Infratil says it has finalised the purchase of Shell New Zealand in a $696.5 million joint venture deal with the NZ Super Fund.
The deal includes 229 services stations and 95 truck stops nationwide, finance and management of up to 650m litres of fuel inventory, and 17.1 per cent of the New Zealand Refining Company - which operates the Marsden Point oil refinery.
Shell's new owners say that dividends from the business will now mainly flow to New Zealand shareholders - and the public, via the investment by the Super Fund. It says there will also be more local jobs and staff training throughh the "on-shoring" of many roles now being performed overseas.
The deal "would bring strong cashflow with long-term business improvement initiatives and reinvestment potential to New Zealand", Infratil said this morning.
It is buying what the industry describes as Shell's 'downstream' activities - retail stations, fuel transport, storage and distribution. It does not involve any exploration or drilling for oil and gas.
In its presentation published today, Infratil says that in the short term, change will not be obvious to Shell's retail customers.
Procurement was being undertaken by Shell on behalf of the new owners, its fuel technology would continue to be available.
"Shell has agreed to allow medium term use of the Shell brand for retail sales," says the presentation.

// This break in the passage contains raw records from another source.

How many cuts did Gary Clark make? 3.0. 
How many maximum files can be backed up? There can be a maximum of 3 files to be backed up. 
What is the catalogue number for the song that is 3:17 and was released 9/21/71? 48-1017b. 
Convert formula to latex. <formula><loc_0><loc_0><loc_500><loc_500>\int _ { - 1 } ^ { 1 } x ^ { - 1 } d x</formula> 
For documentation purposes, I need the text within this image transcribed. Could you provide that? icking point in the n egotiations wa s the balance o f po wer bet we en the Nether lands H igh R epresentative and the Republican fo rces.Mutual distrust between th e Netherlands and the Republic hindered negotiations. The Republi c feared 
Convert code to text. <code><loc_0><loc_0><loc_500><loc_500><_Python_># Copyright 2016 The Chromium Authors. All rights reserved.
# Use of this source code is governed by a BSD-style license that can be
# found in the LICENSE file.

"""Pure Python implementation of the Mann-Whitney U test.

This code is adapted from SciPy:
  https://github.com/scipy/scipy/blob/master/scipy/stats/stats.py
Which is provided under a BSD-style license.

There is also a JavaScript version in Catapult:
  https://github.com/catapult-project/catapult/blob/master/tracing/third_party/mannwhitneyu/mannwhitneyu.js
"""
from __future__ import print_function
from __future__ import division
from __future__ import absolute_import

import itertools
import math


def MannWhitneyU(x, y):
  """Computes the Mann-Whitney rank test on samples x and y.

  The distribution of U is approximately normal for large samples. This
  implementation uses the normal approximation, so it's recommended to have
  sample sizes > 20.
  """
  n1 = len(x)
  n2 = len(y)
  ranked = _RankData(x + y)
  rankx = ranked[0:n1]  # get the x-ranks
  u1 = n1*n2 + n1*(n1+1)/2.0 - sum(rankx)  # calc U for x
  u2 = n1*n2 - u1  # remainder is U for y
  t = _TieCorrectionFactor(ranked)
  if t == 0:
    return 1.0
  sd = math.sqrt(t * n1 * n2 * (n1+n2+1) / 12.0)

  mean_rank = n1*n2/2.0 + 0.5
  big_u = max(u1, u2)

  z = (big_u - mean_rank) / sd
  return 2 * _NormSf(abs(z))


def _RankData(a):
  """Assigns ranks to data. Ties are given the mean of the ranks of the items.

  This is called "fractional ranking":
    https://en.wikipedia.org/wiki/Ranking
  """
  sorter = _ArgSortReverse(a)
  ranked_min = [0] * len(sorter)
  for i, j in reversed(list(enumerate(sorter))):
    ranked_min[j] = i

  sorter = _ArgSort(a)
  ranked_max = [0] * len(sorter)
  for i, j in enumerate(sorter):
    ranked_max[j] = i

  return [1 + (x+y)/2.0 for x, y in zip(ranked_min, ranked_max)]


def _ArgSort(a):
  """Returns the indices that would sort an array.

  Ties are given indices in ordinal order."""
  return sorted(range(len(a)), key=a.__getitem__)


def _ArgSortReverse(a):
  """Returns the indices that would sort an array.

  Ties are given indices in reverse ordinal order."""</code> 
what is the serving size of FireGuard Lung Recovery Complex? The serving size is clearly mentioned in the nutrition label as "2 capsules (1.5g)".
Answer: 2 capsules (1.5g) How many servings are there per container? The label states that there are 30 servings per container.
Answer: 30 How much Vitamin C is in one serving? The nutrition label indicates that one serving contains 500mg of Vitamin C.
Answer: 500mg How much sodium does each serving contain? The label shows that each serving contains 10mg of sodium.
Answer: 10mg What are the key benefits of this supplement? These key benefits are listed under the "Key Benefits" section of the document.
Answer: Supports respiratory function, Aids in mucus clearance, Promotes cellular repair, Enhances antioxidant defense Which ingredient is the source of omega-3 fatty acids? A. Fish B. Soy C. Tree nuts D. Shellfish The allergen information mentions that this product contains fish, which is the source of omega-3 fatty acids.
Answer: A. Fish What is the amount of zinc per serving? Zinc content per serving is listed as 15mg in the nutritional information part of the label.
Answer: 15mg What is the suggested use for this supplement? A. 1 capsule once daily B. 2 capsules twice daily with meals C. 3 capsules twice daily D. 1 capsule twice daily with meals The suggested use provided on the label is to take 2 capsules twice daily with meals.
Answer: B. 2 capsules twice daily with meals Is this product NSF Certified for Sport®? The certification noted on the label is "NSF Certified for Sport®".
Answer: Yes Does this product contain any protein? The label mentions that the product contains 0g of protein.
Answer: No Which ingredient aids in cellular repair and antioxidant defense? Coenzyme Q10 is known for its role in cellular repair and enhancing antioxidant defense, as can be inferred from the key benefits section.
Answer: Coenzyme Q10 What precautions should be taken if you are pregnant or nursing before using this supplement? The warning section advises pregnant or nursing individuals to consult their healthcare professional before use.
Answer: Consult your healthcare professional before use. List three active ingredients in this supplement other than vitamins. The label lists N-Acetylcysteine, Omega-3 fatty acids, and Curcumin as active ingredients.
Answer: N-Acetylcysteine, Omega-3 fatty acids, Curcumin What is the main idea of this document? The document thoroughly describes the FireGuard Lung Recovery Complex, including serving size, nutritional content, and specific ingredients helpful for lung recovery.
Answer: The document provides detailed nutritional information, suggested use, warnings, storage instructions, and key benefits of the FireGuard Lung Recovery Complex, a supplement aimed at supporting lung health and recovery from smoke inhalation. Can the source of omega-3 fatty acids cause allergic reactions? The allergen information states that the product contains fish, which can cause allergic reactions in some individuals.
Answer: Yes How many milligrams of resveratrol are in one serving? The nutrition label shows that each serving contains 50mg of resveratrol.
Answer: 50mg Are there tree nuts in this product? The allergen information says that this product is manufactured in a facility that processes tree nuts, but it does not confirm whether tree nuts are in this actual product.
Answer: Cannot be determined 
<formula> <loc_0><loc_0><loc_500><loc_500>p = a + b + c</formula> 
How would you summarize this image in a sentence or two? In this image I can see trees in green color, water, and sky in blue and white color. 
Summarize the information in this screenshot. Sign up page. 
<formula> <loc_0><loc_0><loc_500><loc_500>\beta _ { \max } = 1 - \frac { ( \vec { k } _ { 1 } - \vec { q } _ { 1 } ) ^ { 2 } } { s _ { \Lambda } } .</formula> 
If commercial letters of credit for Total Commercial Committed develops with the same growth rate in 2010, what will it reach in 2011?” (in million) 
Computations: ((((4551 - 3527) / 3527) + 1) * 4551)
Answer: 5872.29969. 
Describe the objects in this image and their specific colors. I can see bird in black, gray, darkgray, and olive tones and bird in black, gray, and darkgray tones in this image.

Marketing initiatives and "competitive retail pricing of fuels" would remain.
Infratil, has previously said there was "substantial upside value in being an overtly New Zealand-owned dominant petrol company as the local oil industry restructures".
Included in moves to Kiwi-fy the Shell assets, its Manila-based customer call centre would return to New Zealand.
The businesses being bought had been built up by Shell over almost a century and its decision to sell due to changes in the global oil market had presented a "once in a generation" opportunity, Infratil managing director Marko Bogoievski said.
"The goal from here is to continue to provide high-quality fuels at competitive prices and to leverage the benefits of a New Zealand-owned and managed downstream business."
During the past year Infratil had divested about $400m of assets, and with this transaction would have invested over $400m in new assets.
The transactions left Infratil with a more focused portfolio of investments, said Bogoievski.
The stake includes 17.1 per cent of New Zealand Refining Co, which Bogoievski has said was being acquired "during a period of bottom of cycle margins."
The key to the Infratil strategy will be maintaining a "well located nationwide network of retail sites and truck stops" under the Shell retail brand name, backed by the FlyBuys and supermarket docket loyalty schemes.
With investment in known money-spinners like car washes and "quick service restaurants", with decisions "based on local context" and undertaken by senior managers no longer hampered by "multiple reporting lines offshore".
"Innovative new offers for business customers unconstrained by Shell global policy" would also be possible.
With Infratil founder Lloyd Morrison already a champion of a new flag for New Zealand, Infratil says it sees "growing consumer preference for local companies, e.g., Kiwibank".
On top of that, "Mobil's announced intent to exit both infrastructure and customer-facing activities", along with evidence that "BP and Caltex have limited willingness to step out their investments in New Zealand".
These were signals of "the beginning of an industry restructure".